Надо признать, я питала крошечную надежду, что они от Гейба — в благодарность за интервью. Но это же глупо, да? Журналисты не дарят цветов агентам по рекла ме. А такие журналисты, как Гейб, вообще берут за правило никому не делать приятное, за исключением тех случаев, когда им что-то от тебя надо.

— Да ладно! — улыбнулась Поппи, — Ты наверняка догадываешься.

— Честное слово, нет, — ответила я, — У меня совсем мало знакомых, которые знают, что я тут работаю.

Свой рабочий адрес я никаким парням не давала. Его знали только Гейб, Гийом, сотрудники «KMG», Поппи и моя семья.

— О-о, таинственный незнакомец! — взвизгнула Поппи, — Видишь?
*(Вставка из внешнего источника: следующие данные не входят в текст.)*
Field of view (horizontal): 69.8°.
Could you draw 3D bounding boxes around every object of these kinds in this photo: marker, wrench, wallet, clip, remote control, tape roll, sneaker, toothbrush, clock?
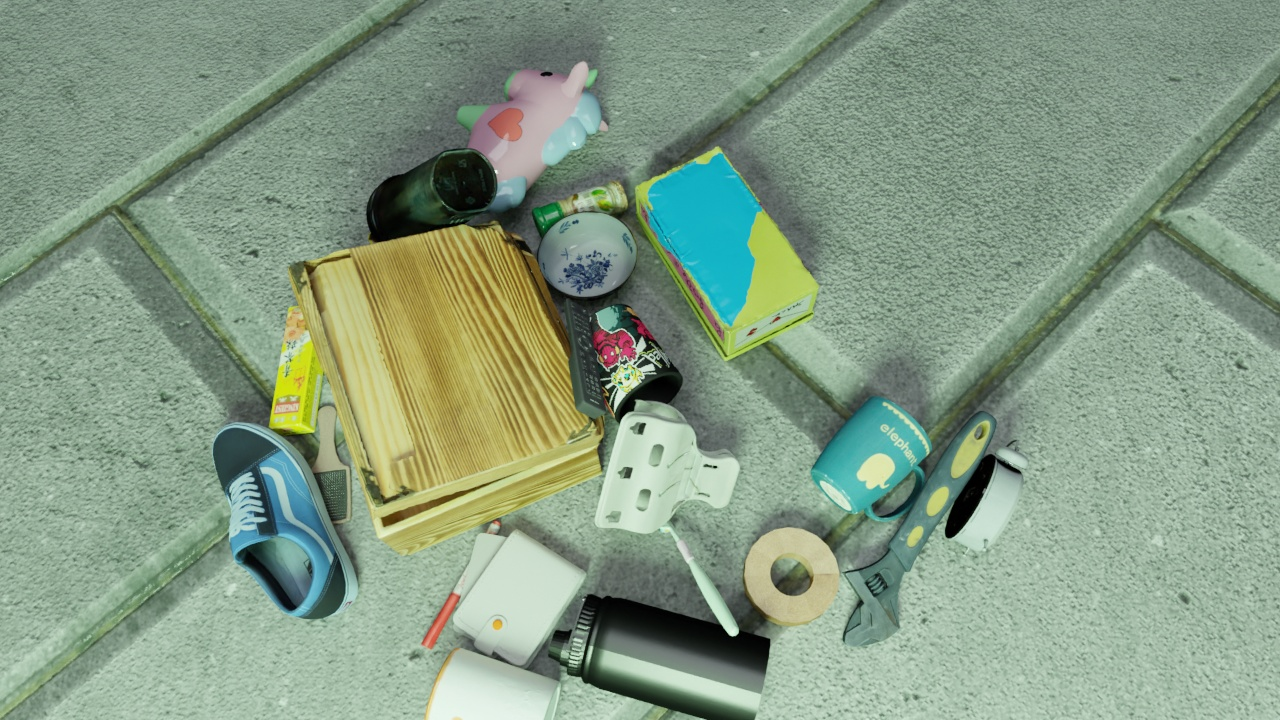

Теория французского поцелуя работает!

Мой телефон в тот день звонил несколько раз, и я брала трубку, надеясь услышать голос Гейба, — он бы извинился за вчерашнее и признался, что цветы от него. А может, даже позвал бы меня на свидание — причем не факт, что я бы пошла. Но Гейб так и не позвонил; все звонки были деловые, насчет обслуги, номеров и самолетных рейсов.
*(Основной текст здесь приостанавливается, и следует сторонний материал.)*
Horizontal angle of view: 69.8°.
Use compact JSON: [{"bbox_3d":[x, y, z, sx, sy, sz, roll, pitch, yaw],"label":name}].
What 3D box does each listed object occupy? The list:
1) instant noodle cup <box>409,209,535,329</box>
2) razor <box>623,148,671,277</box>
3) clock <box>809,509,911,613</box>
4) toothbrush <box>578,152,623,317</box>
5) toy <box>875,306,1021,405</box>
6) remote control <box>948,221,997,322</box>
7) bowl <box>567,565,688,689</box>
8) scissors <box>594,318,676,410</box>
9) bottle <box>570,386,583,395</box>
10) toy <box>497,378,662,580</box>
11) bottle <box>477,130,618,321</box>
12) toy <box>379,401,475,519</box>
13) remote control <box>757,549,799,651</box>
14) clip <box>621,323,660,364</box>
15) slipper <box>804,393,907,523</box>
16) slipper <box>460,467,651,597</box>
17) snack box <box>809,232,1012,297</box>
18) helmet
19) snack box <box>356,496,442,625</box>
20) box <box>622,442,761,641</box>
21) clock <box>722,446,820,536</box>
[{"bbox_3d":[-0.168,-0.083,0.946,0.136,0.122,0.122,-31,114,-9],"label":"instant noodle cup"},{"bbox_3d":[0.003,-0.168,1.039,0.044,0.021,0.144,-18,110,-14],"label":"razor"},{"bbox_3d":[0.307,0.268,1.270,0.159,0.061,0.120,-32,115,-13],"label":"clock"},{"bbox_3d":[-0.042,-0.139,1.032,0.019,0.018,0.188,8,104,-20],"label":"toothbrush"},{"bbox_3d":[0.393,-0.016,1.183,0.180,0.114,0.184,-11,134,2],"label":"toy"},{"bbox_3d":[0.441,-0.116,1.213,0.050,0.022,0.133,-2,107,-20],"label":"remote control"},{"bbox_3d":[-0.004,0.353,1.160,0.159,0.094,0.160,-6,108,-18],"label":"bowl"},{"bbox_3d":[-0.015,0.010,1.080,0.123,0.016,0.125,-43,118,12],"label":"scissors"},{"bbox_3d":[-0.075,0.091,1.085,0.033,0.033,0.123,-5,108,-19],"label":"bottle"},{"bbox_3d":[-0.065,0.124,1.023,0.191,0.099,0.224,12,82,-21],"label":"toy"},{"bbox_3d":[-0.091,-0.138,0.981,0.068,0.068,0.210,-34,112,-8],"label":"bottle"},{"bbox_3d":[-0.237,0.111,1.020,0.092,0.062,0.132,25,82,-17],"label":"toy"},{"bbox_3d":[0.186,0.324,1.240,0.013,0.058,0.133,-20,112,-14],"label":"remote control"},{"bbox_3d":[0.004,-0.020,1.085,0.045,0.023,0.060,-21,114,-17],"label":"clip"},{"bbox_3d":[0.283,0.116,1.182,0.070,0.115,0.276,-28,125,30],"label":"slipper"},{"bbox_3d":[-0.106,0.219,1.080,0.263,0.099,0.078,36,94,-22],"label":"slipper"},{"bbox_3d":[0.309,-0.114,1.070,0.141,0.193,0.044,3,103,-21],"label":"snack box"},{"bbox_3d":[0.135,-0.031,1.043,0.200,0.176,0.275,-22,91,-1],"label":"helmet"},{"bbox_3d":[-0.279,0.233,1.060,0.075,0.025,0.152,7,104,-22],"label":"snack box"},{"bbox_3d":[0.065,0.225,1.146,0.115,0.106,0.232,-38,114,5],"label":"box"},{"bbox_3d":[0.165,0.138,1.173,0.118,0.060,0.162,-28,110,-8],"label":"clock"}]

Я по-прежнему терялась в догадках, когда в пять вечера снова зазвонил мой телефон. Я нетерпеливо схватила трубку.

— Алло.

— Эмма? Это Брет.

Мое сердце на секунду остановилось. Я не слышала его голоса уже две недели. От знакомого баса меня бросило в дрожь, во рту пересохло.

— Эмма? — повторил он. — Ты меня слышишь?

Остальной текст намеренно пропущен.